We sure could use a little good news today... It's a simple blood test!

Anne Murray once recorded a song titled "A Little Good News."
"We sure could use a little good news today..."

Good news with PSA test

I got my good news this morning when my latest blood test results were posted on the patient portal. If I wasn't on blood thinner I'd celebrate with a glass of wine! Under the circumstances, I'll just have to make do with sparkling water. The reading from my Monday morning blood draw came in virtually the same as the last one taken when I visited my family doctor in February. February’s result was 0.28 ng/ml and this one came in at 0.27 ng/ml. That's down from 14.49 before the biopsy, months of preparation, and finally, a treatment that I completed in May of 2021.

Last December’s reading had been 0.275 ng/ml. It appears now almost two years out from completion of radiation and ADT my PSA has stabilized and probably will not drop much further. Three consecutive readings that are virtually identical seem to indicate I’m stable and home free for now. It will never fall to zero as long as I still have a prostate, but as long as it remains stable and does not begin a rising trend I believe I can breathe easy on that score, at least for the near future.

Asking for a PSA test

During a routine office visit in early 2020 my doctor was explaining the blood tests he was going to order for me. They included the usual metabolic panel, A1C (I'm diabetic), CBC, and so on. I had not had a PSA test for several years, and I had been having trouble voiding for quite some time. At age 74 I finally spoke up and asked, "Shouldn't we be doing a PSA test as well?"
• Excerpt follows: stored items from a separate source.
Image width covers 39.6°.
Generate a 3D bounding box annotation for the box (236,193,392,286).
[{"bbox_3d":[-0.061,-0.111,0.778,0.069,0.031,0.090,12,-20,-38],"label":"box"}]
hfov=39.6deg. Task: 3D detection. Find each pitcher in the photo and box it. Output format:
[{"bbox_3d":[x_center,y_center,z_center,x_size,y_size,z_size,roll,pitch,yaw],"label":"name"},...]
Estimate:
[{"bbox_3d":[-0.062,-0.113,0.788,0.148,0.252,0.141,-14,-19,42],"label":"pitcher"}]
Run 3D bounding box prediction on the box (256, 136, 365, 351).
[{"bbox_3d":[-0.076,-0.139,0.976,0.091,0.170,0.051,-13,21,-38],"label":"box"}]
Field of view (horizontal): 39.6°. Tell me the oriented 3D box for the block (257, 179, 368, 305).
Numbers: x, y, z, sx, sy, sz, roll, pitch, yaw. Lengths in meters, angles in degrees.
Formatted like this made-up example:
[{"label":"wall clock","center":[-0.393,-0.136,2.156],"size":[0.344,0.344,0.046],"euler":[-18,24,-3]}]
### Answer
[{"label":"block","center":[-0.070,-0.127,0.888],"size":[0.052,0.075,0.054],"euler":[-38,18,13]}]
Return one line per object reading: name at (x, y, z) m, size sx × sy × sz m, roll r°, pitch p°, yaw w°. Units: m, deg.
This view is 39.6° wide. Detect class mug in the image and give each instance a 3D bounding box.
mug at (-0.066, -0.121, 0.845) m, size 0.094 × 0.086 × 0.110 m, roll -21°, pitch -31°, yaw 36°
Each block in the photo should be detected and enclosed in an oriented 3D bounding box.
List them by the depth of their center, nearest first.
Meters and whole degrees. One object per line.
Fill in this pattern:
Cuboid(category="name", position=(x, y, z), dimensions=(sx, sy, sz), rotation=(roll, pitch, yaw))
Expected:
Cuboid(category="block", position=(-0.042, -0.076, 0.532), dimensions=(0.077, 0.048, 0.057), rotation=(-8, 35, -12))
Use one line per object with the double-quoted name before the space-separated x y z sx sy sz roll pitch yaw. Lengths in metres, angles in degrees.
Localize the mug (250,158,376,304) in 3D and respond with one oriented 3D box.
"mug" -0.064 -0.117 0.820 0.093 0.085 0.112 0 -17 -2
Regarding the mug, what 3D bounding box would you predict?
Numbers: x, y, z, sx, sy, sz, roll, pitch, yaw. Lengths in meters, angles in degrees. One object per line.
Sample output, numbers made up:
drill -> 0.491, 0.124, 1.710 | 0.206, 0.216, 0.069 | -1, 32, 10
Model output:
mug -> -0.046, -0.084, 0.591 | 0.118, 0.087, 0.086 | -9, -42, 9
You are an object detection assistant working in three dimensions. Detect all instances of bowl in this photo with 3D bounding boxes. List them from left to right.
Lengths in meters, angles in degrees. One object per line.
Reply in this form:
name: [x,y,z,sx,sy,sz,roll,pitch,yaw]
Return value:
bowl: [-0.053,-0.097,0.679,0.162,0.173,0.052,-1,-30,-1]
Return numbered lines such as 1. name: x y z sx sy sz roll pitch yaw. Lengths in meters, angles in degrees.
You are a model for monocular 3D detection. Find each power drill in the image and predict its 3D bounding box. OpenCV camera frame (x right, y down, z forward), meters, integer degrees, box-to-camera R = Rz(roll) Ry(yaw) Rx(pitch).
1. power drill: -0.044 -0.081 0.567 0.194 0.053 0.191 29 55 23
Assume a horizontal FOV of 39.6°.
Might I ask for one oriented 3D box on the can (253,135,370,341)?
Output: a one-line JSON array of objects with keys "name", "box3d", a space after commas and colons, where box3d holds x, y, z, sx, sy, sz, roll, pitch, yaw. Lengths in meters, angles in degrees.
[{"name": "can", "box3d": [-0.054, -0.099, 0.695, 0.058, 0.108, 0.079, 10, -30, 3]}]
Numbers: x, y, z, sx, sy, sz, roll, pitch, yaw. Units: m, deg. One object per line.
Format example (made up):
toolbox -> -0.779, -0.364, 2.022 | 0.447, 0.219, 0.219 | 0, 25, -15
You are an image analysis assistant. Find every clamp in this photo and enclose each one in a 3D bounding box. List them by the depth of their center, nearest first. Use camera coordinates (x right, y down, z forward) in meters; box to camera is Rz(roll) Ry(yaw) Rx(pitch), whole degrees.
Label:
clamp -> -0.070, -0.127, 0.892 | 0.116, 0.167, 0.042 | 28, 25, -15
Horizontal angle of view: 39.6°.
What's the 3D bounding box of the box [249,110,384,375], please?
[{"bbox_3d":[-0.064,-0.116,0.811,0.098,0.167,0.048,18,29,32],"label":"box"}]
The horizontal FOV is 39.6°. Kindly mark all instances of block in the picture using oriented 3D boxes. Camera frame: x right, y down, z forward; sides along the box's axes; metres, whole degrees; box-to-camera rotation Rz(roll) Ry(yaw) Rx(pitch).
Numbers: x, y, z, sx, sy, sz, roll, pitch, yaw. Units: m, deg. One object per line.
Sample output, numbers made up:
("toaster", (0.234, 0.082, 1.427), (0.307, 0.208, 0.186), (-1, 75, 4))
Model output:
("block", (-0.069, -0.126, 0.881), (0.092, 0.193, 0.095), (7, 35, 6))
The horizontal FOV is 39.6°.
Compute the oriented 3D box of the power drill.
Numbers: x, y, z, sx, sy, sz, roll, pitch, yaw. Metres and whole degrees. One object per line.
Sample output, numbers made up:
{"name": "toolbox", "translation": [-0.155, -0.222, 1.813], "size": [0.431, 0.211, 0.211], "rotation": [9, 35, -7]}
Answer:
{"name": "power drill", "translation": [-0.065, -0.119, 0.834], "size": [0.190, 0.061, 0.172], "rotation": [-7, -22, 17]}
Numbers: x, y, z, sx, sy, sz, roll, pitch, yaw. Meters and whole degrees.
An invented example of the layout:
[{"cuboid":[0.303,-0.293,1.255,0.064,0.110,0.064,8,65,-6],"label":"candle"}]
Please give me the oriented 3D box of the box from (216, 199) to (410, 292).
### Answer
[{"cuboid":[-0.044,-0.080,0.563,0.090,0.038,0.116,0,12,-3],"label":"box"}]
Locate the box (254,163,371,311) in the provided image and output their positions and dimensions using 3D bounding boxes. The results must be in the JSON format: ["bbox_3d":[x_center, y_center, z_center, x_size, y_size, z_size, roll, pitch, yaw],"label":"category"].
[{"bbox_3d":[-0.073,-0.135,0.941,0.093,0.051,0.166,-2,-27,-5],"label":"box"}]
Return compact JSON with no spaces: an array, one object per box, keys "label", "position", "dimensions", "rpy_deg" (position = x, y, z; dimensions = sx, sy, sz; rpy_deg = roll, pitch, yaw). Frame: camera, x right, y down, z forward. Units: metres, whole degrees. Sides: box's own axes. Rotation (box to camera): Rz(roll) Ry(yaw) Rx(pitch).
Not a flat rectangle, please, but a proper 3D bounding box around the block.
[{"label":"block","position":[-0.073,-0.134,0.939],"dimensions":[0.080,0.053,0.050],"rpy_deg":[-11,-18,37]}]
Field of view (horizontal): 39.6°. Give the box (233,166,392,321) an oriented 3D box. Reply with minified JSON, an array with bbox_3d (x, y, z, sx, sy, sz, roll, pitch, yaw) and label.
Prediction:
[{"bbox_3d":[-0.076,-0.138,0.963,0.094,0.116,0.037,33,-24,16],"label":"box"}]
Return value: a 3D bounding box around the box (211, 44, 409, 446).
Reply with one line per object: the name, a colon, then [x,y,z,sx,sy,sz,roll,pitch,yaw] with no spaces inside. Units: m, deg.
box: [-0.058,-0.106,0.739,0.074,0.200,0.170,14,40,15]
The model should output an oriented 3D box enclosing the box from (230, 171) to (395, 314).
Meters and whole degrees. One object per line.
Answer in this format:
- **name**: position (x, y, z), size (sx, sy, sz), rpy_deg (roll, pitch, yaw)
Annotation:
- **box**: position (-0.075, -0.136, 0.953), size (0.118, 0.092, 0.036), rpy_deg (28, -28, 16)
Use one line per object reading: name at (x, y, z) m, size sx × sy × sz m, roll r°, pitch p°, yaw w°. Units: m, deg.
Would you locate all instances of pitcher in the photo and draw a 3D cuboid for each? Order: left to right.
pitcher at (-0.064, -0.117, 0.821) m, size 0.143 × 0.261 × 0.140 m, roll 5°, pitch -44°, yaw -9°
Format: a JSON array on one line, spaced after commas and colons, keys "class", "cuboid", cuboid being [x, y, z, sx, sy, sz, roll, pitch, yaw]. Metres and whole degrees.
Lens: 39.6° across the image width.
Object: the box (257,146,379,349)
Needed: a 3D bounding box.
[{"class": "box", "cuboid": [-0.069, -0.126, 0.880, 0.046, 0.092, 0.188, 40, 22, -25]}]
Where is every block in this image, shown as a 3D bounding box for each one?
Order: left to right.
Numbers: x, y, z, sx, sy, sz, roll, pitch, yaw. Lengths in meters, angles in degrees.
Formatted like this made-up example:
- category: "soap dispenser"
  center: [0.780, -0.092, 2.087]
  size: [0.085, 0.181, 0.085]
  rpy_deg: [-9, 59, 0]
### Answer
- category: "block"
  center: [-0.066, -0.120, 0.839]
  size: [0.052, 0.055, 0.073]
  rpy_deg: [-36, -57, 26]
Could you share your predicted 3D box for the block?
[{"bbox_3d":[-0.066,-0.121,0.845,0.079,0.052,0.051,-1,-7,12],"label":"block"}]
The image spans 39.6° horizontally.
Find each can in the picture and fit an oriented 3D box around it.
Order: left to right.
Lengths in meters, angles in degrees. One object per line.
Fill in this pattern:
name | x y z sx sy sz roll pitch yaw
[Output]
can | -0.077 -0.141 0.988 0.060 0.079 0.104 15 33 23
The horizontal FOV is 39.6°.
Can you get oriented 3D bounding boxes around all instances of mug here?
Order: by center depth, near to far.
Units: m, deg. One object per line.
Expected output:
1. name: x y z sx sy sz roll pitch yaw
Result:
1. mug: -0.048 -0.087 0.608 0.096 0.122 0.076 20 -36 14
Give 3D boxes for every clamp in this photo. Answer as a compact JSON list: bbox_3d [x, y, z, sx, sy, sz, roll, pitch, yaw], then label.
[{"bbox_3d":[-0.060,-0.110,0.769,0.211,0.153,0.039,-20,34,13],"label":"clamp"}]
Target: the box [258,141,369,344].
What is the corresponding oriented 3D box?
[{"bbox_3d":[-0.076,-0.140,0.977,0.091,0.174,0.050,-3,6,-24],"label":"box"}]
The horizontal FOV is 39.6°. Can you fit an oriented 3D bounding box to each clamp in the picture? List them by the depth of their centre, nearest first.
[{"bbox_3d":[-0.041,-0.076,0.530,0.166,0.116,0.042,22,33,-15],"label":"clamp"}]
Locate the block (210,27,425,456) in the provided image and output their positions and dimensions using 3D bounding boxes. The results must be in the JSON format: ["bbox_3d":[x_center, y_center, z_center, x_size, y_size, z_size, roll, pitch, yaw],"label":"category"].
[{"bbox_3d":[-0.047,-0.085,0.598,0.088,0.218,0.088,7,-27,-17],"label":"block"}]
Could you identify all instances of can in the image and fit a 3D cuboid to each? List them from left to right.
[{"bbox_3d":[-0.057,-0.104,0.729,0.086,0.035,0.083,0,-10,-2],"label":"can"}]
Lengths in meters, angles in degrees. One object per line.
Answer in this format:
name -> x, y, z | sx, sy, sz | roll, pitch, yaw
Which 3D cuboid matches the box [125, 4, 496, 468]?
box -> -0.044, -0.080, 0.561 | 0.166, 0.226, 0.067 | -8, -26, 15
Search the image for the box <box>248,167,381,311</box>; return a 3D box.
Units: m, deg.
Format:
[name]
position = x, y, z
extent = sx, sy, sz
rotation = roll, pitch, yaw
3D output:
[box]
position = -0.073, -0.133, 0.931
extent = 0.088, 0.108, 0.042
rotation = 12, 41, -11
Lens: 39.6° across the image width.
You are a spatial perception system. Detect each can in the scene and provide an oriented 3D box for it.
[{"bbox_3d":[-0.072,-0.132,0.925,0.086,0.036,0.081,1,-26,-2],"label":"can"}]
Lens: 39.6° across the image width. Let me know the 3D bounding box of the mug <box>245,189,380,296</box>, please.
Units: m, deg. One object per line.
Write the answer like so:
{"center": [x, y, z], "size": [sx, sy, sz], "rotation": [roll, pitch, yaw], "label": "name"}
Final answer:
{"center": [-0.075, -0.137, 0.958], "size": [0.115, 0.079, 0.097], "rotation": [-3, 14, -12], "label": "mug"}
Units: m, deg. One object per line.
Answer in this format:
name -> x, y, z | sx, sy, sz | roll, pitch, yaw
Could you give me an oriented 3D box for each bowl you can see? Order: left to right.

He was quick to explain that Medicare protocol had been updated to recommend men of age 70 and over should NOT be routinely tested for prostate cancer. He went on to enumerate the supposed justifications for the change in policy that had been handed down from the policy-making experts on high. Reasons included the possibility of unwarranted treatment, the stress imposed upon patients who find out they have cancer, etc., etc. (Is it better to remain ignorant and unaware?)

"Well, I WANT a PSA test!" I insisted.

"No problem," he said. "All you had to do was ask."

My last previous PSA at age 69 had been 2.1. When the nurse called to tell me my current test had come back at 9.98, she sounded very sympathetic, almost apologetic on the phone. "I'm sorry to give you this news. We'll need to set you up for a consultation with a urologist as soon as possible."

Diagnosed with promising prognosis

Two months later a follow-up PSA test with my urologist showed a rapid rise in PSA to 14.49! That alarmed me. Medicare ended up paying for that simple, cheap blood test. Fortunately, we caught my Grade 3, Gleason 4+3=7, Intermediate, Unfavorable Stage cancer while it was still fully encapsulated and potentially curable.

I seem to have dodged a bullet. (Knock on wood!) My “good fortune” was thanks only to my insistence on a PSA test at age 74. It’s a simple inexpensive blood test I otherwise would not have gotten based on the medical protocol of the day. I have often pondered the question, "What if I had not spoken up at that particular time?”

What if I had just let it slide? What if I had not said “Damn the protocol! I WANT a PSA test!” Where would I be now if I had not insisted on being tested? Would I be paying the ultimate price for a policy I had no idea had been implemented in the system? I had been relying on my doctor to tell me when I needed this or that test. After all, he’s the doctor, right?

PSA testing earlier

I wonder how many men are out there who are 70 years and older with incurable Stage IV disease that might have avoided it if only they had been tested sooner? Sure, the protocol of not testing men over the age of 70 resulted in a lower rate of prostate cancer being reported. On the surface of it, that’s a big plus!

Not treating early-stage disease probably did initially save money for the system and perhaps saved some percentage of men with low-risk diseases the potentially horrible side effects of unnecessary treatment. I’m sure the policymakers were patting themselves on the back. “Look at what we’ve accomplished!” But then whoops!! Oh my gosh, who would have foreseen the new policy would result in a significant rise in the incidence of late-stage, incurable disease?

I was fortunate

I was fortunate, but it angers me when I think of others who have not been as lucky as I am. If the protocol was about saving money for the Medicare system, it was/is a policy that’s penny-wise and dollar stupid! I’m sure in the long run it will have been a very costly mistake in terms of dollars spent. Much more tragic than that is the human cost in terms of shortened longevity and degraded quality of life for so many.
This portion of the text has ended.